As my diaries only portray a somewhat clinical approach to my time at London Hospital, I feel there is more that requires regaling. This is in respect to those things, whilst important, I neglected to include in my previous diary related scratching. Hence, I will start at the start, but most certainly not at the beginning.
Due to the sensitivity of the time, and my involvement within the localities found within, I feel it prudent to change the names of certain, exceptionally well known and influential persons, with the notion of their immediate and longer range safety. Anonymity their shield.
Here on in I shall remain using my title of profession, and Christian name, as it is singular, and to not use it will detract from the importance from the perspective of narrative.

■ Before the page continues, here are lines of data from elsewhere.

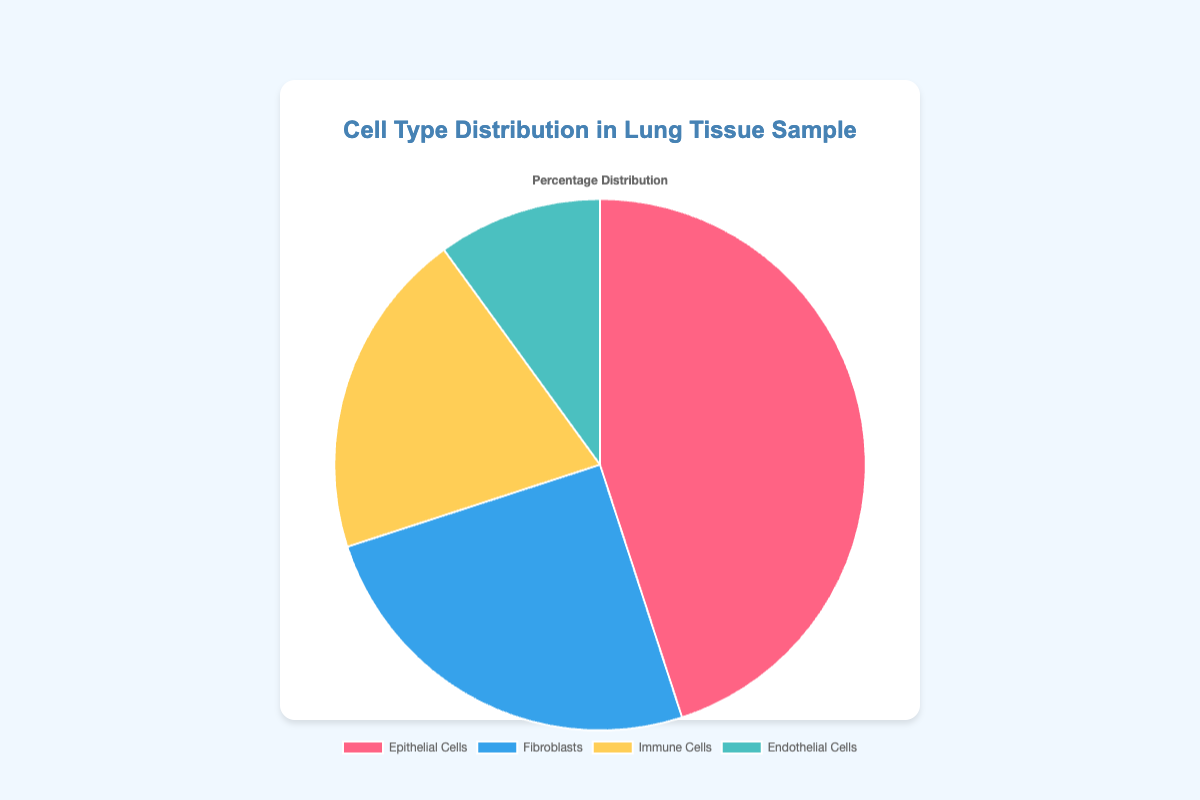What's the most abundant cell type in the lung tissue sample? The largest section of the pie chart represents the cell type with the highest percentage. Here, the section for Epithelial Cells is the largest.
Answer: Epithelial Cells What's the least abundant cell type in the lung tissue sample? The smallest section of the pie chart represents the cell type with the lowest percentage. Here, the section for Endothelial Cells is the smallest.
Answer: Endothelial Cells What is the combined percentage of Immune Cells and Fibroblasts? To find the combined percentage, add the percentages of Immune Cells (20%) and Fibroblasts (25%). 20 + 25 = 45
Answer: 45% How much larger is the percentage of Epithelial Cells compared to Endothelial Cells? Subtract the percentage of Endothelial Cells (10%) from the percentage of Epithelial Cells (45%). 45 - 10 = 35
Answer: 35% What percentage of the lung tissue sample is made up of cells that are not Immune Cells? Subtract the percentage of Immune Cells (20%) from the total (100%). 100 - 20 = 80
Answer: 80% Which cell type has a percentage that is closest to 25%? Compare the percentages of all cell types. The percentage closest to 25% is for Fibroblasts, which is exactly 25%.
Answer: Fibroblasts Are Epithelial Cells more than twice as abundant as Endothelial Cells? Compare twice the percentage of Endothelial Cells (2 * 10% = 20%) to the percentage of Epithelial Cells (45%). Since 45% is more than 20%, Epithelial Cells are more than twice as abundant as Endothelial Cells.
Answer: Yes If you were to merge Fibroblasts and Endothelial Cells into one group, what would the new group's percentage be? Add the percentages of Fibroblasts (25%) and Endothelial Cells (10%). 25 + 10 = 35
Answer: 35% Which two cell types together make up exactly 55% of the lung tissue sample? By adding different combinations of percentages, we find that Epithelial Cells (45%) + Endothelial Cells (10%) = 55%.
Answer: Epithelial Cells and Endothelial Cells How many cell types have a percentage greater than 20%? Identify the cell types with percentages greater than 20%. Epithelial Cells (45%) and Fibroblasts (25%) both meet this criterion.
Answer: 2

However, my middle and surname require altering. Hence I have taken Whitelaw as my substitute surname.
Resultant, I will henceforth be known as Dr. Jean H. Whitelaw.
I will give the title to these accounts as –
A Study in time served in London Hospital; Whitechapel, and surrounding areas. 1888 – 1889;
Dr. Jean (Jack) H. Whitelaw, Surgeon-Major (retired).
Solomon Street,
Fremantle,
Western Australia.”
So there you go. Another piece to the puzzle.